→ **Your instructions**
Write the data out again exactly, dropping any images it holds.

→ **Supplied entries**
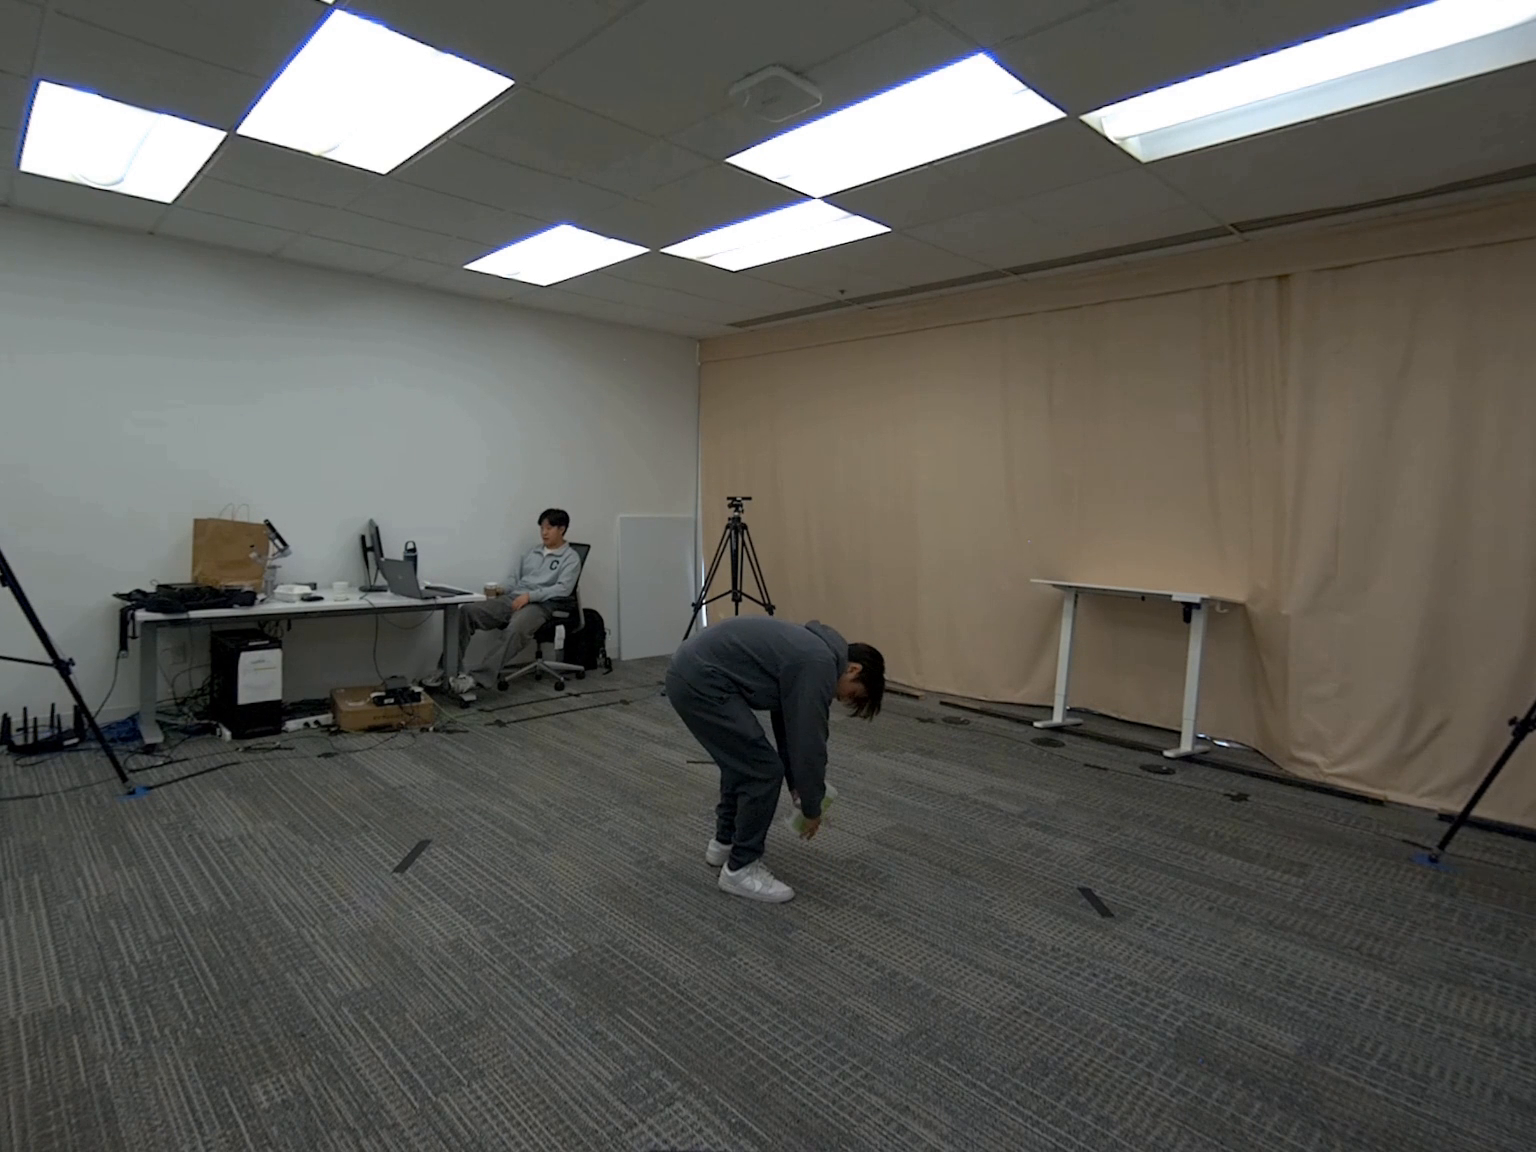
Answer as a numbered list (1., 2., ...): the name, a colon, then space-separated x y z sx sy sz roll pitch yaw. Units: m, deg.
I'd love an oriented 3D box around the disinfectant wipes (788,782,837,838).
1. disinfectant wipes: 0.158 0.864 3.125 0.118 0.217 0.118 37 -1 -1
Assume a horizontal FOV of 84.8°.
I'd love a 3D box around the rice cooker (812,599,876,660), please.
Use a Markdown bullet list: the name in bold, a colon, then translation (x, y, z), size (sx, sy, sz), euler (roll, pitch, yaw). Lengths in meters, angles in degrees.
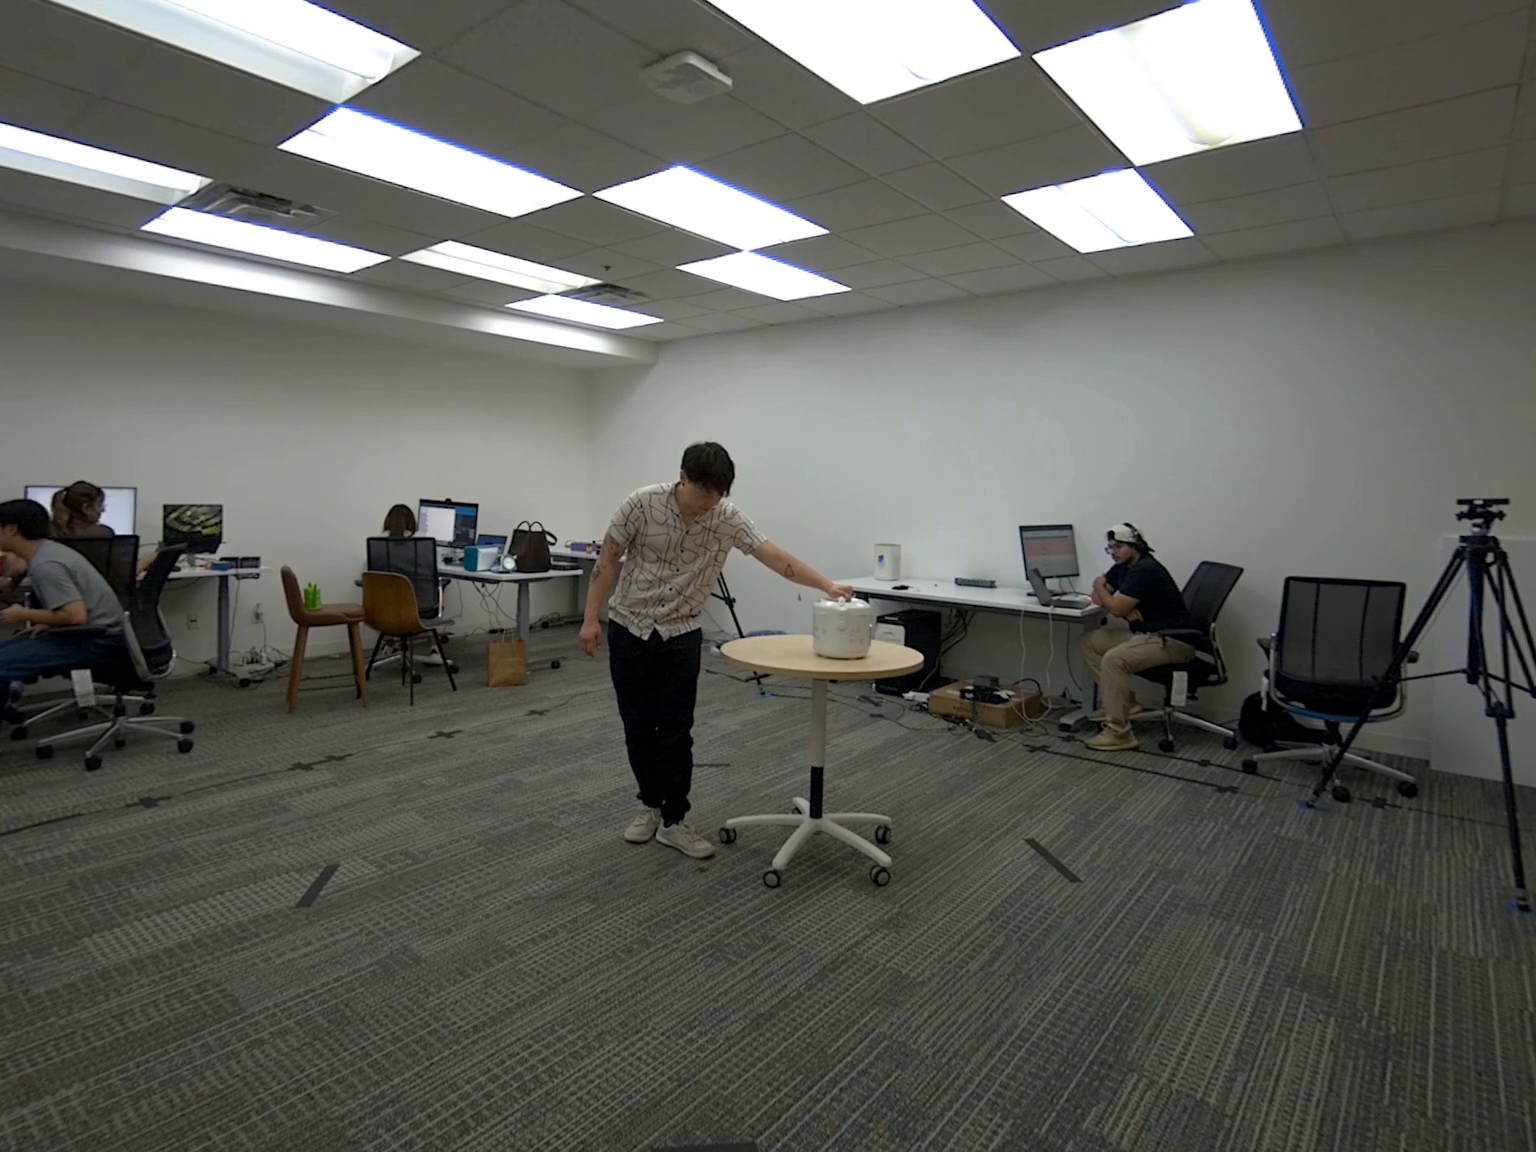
- **rice cooker**: translation (0.271, 0.177, 3.161), size (0.220, 0.232, 0.219), euler (1, 4, 8)
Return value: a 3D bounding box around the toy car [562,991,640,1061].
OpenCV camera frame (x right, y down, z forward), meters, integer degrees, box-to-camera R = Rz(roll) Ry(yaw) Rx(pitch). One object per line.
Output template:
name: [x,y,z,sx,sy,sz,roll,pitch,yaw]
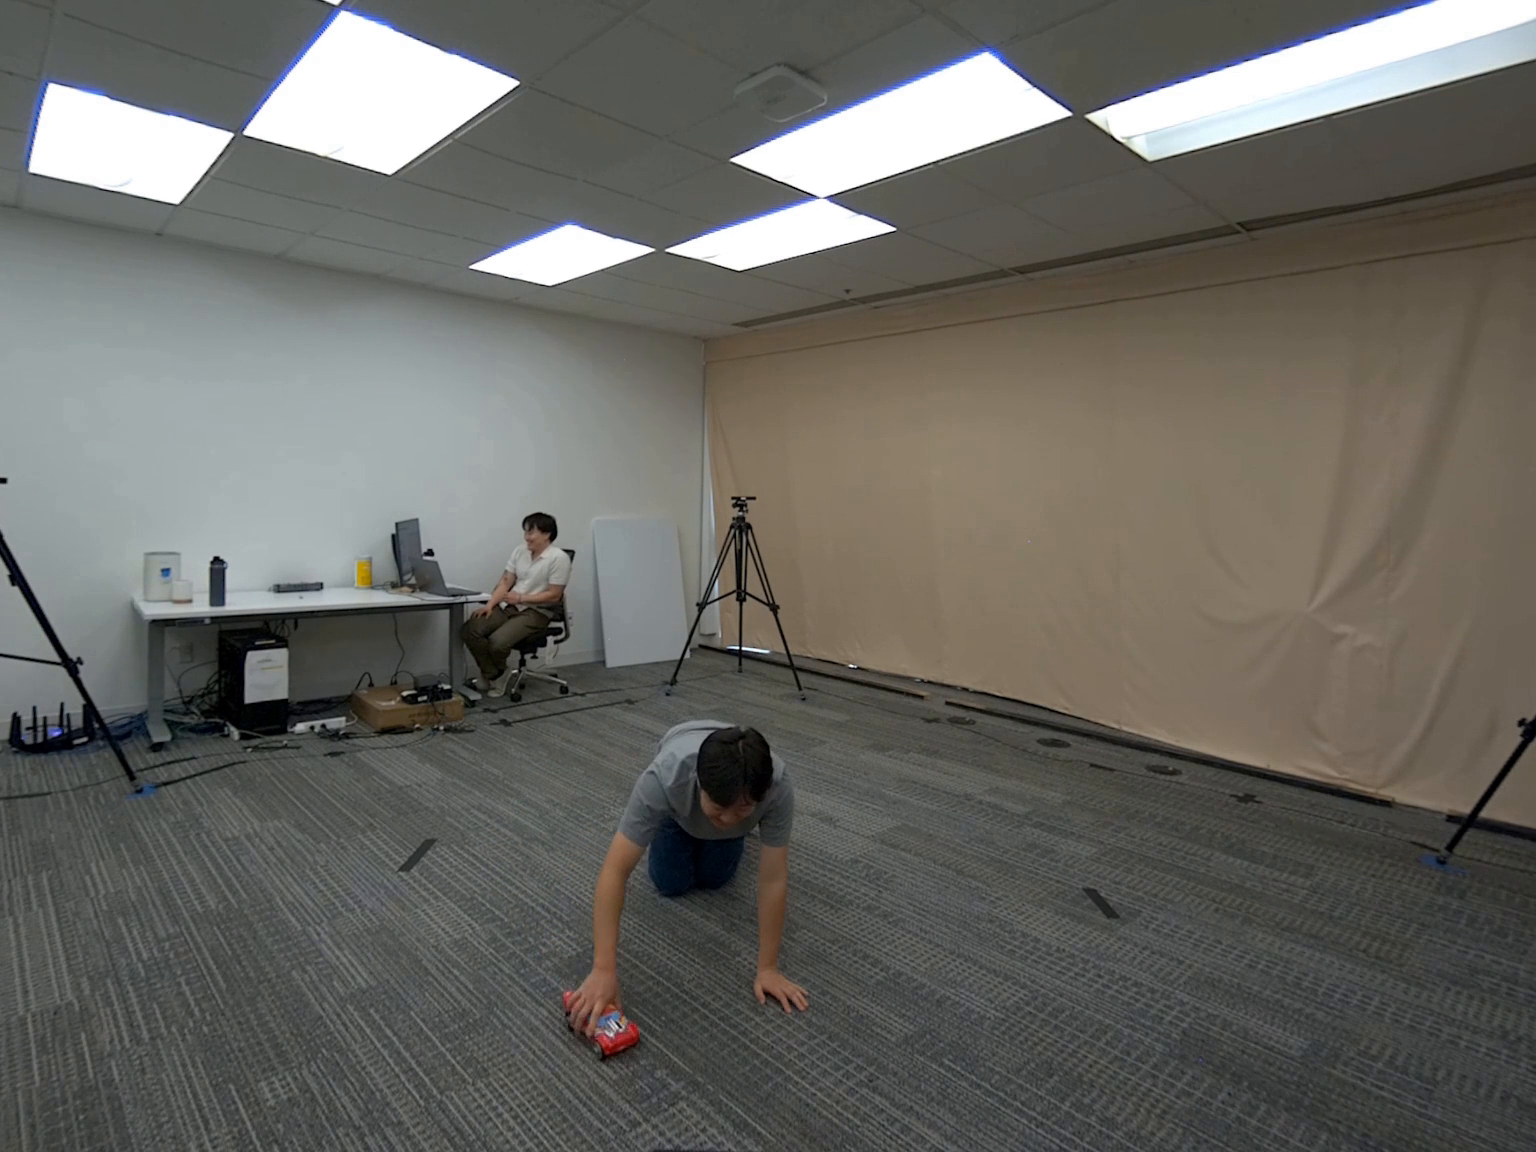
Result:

→ **Task result**
Answer as a numbered list (1., 2., ...): the name, a colon, then space-separated x y z sx sy sz roll pitch yaw. Units: m, deg.
I'd love an oriented 3D box around the disinfectant wipes (788,782,837,838).
1. disinfectant wipes: 0.158 0.864 3.125 0.118 0.217 0.118 37 -1 -1
Assume a horizontal FOV of 84.8°.
I'd love a 3D box around the rice cooker (812,599,876,660), please.
Use a Markdown bullet list: the name in bold, a colon, then translation (x, y, z), size (sx, sy, sz), euler (roll, pitch, yaw). Lengths in meters, angles in degrees.
- **rice cooker**: translation (0.271, 0.177, 3.161), size (0.220, 0.232, 0.219), euler (1, 4, 8)
Return value: a 3D bounding box around the toy car [562,991,640,1061].
OpenCV camera frame (x right, y down, z forward), meters, integer degrees, box-to-camera R = Rz(roll) Ry(yaw) Rx(pitch). One object per line.
Output template:
name: [x,y,z,sx,sy,sz,roll,pitch,yaw]
Result:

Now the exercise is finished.